Na primeira metade do século XVI, o conquistador espanhol Francisco de Orellana equiparou a valentia das mulheres indígenas que encontrou no Novo Mundo à das amazonas da Grécia Antiga. Daí veio o nome do rio que descobriu e da própria região. A história da Amazônia, portanto, é de resistência. E resistir é mais do que preciso. Povos originários e meio ambiente continuam sob ataque. Mal assumiu o cargo, o presidente gerou polêmica ao dizer que “15% do território nacional é demarcado como terras indígenas e quilombolas e que menos de um milhão de pessoas vive nestes lugares isolados do Brasil de verdade”… A afirmação equivocada mereceu uma resposta à altura dos povos Aruak Baniwa e Apurinã.
Em carta dirigida ao novo presidente, corrigem-no: “são 13%, sendo que a maior parte (90%) fica na Amazônia Legal. Esse percentual é o que restou como direito sobre a terra que era 100% indígena antes de 1500 e que nos foi retirado. Não somos nós que temos grande parte do território brasileiro, mas os grandes latifundiários, ruralistas, agronegócios, etc. que possuem mais de 60% do território nacional”. A carta salienta que os indígenas, há pelo menos 17 mil anos nessa vasta área, protegem as fronteiras brasileiras na região. A Amazônia Legal é composta pelos estados da região Norte (Acre, Amapá, Amazonas, Pará, Rondônia, Roraima e Tocantins) mais o Mato Grosso e parte do Maranhão.
Fernando Michelotti, professor adjunto da Universidade Federal do Sul e Sudeste do Pará, desmonta de vez o argumento de que há muita terra para pouco índio. Dados do Censo Agropecuário 2017 do IBGE sistematizados por ele tiram a discussão da superfície e mostram que, no conjunto do Brasil, os maiores estabelecimentos rurais (1 %) ocupam 47,5% das terras, enquanto os 90,6% menores englobam somente 20,5% das terras. Ou seja, cuidado com a pegadinha na fala do governo: o que ela esconde é que os direitos indígenas são vistos como empecilhos a um modelo de desenvolvimento todo centrado na exportação de produtos agrícolas.
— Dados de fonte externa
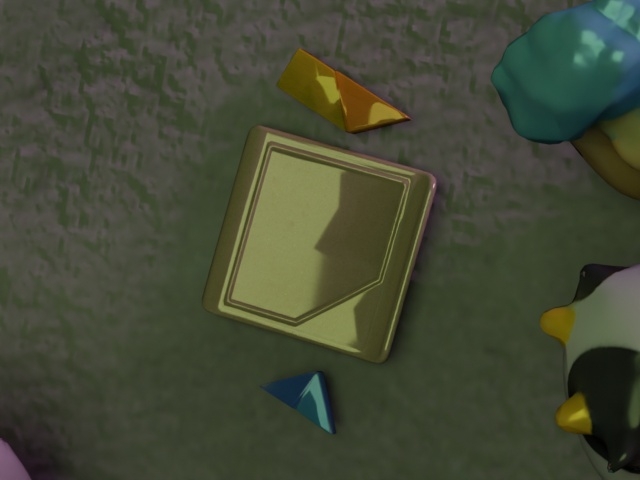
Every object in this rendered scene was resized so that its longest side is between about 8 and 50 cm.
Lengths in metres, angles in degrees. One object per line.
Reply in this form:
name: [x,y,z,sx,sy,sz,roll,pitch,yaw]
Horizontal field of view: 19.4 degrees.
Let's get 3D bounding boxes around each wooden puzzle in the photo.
wooden puzzle: [0.000,0.000,0.641,0.079,0.014,0.116,24,95,19]

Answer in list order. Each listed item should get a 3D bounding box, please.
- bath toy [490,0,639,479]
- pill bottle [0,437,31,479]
bath toy: [0.138,0.092,0.487,0.151,0.129,0.348,-45,46,46]
pill bottle: [-0.245,0.123,0.630,0.278,0.162,0.162,5,90,16]

Então fica o questionamento: o agronegócio vai continuar a definir o destino da floresta e de seus habitantes? Em nome de que vamos fechar os olhos e permitir a continuação – e até expansão – de um modelo que é um entrave às atividades econômicas sustentáveis e à preservação do meio ambiente? Não é uma baita inversão de valores?
Tanta distorção fica totalmente à vista quando se veem os dados da Região Amazônica. De um total de 891,92 mil estabelecimentos rurais espraiados numa área de 133,22 milhões de hectares, os menores que 100 hectares correspondem a 735,56 mil (82,5% do total de estabelecimentos) e ocupam 16,79 milhões de hectares (12,6% da área total). Enquanto isso, os estabelecimentos rurais com 1.000 hectares ou mais correspondem a 21,04 mil (2,4 % do total) e ocupam 81,79 milhões de hectares (61,4%).
Com isso, na Amazônia, os 2,4% maiores estabelecimentos agropecuários ocupam 61,4%das terras, enquanto os 82,5% menores estabelecimentos ocupam apenas 12,6%. O que mais preocupa é que esses grandes latifúndios só geram trabalho para 7,8% da mão de obra na agropecuária. “Esse é o retrato da concentração fundiária na região, não diferente do Brasil, em que muita terra é dominada privadamente por poucas pessoas, com muito baixa geração de postos de trabalho”, diz Michelotti. Segundo o Censo Agropecuário, o campo perdeu 1,5 milhão de empregos desde 2006. É a velha conversa para boi dormir.
Outro estudo que faz cair por terra o discurso do governo é o boletim mensal do Imazon (SAD). Ele demonstra como a destruição da floresta é bem maior em terras particulares do que em áreas indígenas. De agosto a novembro de 2018, a Amazônia viu desaparecer 287 km² de florestas, um aumento de 406% em relação ao mesmo período de 2017. No ano passado, 53% do desmatamento aconteceu em áreas privadas ou sob diversos estágios de posse. O restante foi em assentamentos (37%), terras indígenas (5%) e unidades de conservação (4%). Por esses dados, vê-se que é cada vez mais indispensável a presença dos povos indígenas em suas terras. Trata-se não da preservação deles em si… Mas da de todos nós.